These three sites build upon each other. C-shirt is a perfect example of just how.
Imagine you meet a friend on the street wearing a C-shirt. Using your cellphone, you take a picture of the QR Code on the sleeve. That gives you the URL to the Nota page where that image lives.
On the Nota page, you can either buy your own copy of the T-shirt, or modify its design. You can use Nota, for example, to lay out elements of the shirt, Willlustrator to edit the designs, and Photozou to import source images to add to the design. When you are finished, the Nota site will then enable you to have you T-shirt manufactured and sent to you. Or you can set up your own design for others to buy or modify as they see fit. Thus, click a button, and the shirt is produced and sent to you. Or click a button, and you can open up your own store.
C-shirt is still in Alpha. I saw it when it was just three weeks old, but even then it was already functioning, because it simply built upon the components that other CC-enabled sites had exposed.
But C-shirt is important not because it will replace Versace. It is important instead because it demonstrates the potential once we extend Web 2.0 principles to the content layer.
So far, much of the excitement around Web 2.0 has been about modular technologies that can be made to interact simply.
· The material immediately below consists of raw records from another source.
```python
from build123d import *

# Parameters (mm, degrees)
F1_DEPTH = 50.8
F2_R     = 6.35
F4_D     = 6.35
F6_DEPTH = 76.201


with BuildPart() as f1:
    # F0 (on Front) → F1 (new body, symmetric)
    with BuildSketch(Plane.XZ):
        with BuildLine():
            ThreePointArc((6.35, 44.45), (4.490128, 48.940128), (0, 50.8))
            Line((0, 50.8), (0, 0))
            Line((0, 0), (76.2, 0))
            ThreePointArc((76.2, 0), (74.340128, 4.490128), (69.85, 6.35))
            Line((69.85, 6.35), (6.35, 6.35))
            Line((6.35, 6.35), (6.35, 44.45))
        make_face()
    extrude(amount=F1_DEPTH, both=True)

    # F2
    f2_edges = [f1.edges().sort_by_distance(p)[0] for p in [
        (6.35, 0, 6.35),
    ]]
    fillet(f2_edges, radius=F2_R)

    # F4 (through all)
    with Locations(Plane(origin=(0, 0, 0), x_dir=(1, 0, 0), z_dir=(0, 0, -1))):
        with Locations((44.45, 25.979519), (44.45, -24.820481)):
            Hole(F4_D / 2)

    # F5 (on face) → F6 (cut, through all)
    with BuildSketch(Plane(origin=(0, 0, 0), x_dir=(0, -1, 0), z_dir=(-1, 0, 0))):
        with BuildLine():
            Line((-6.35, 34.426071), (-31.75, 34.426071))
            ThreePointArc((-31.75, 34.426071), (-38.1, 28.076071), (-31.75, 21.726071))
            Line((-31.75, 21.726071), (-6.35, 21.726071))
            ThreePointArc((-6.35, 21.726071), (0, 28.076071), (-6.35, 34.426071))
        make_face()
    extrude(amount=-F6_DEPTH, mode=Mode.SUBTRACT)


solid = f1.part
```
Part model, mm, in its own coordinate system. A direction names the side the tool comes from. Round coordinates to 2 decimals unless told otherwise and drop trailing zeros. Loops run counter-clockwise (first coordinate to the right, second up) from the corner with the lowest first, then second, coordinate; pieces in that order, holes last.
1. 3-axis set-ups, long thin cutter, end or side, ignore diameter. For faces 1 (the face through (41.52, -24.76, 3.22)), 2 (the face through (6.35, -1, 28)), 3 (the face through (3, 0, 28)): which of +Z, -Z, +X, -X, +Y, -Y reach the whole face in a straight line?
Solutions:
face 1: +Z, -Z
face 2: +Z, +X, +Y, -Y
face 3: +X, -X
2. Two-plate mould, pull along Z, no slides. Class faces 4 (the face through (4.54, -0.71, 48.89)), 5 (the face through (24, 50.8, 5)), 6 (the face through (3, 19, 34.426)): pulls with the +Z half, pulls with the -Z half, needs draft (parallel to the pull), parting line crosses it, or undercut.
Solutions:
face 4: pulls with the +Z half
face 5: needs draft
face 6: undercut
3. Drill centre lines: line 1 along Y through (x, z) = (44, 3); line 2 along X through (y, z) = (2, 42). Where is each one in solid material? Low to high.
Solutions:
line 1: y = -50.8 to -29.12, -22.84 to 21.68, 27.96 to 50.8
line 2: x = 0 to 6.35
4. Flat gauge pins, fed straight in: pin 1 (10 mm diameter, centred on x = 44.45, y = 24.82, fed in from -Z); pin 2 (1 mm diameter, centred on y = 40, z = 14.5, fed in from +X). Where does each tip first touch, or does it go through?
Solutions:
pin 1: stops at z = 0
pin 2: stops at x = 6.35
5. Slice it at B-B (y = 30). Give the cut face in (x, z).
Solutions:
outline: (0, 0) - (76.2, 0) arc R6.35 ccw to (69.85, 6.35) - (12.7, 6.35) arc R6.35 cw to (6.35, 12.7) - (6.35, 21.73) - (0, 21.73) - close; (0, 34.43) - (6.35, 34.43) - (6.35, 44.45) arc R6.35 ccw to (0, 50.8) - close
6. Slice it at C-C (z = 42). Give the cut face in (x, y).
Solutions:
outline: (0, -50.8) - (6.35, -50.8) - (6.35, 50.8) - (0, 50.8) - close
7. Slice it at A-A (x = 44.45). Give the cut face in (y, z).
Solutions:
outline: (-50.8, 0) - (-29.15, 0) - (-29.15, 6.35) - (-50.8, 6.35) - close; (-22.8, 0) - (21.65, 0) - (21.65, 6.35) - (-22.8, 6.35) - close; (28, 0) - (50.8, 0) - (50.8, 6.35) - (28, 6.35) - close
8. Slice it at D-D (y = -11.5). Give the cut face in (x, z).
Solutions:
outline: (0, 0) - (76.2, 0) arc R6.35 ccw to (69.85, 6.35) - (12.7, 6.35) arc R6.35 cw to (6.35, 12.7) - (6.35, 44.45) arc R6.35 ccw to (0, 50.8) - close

CC makes it simple to build modular content that can be made to interact simply. A community of creativity can thus be realized when the components expressly invite this collaboration.
This is one important aim of CC: To build a simple, free, and extensible infrastructure at the content layer that enables the freedoms that the many different creative projects of the Web need to interact.
Next week we’ll see more examples like these. (And stay tuned for the official launch of C-shirt!)
This email is part of a weekly series written by Lawrence Lessig about Creative Commons. If you would like to be removed from the list, please click here. Alternatively, if you know others who might find this interesting, please sign them up here.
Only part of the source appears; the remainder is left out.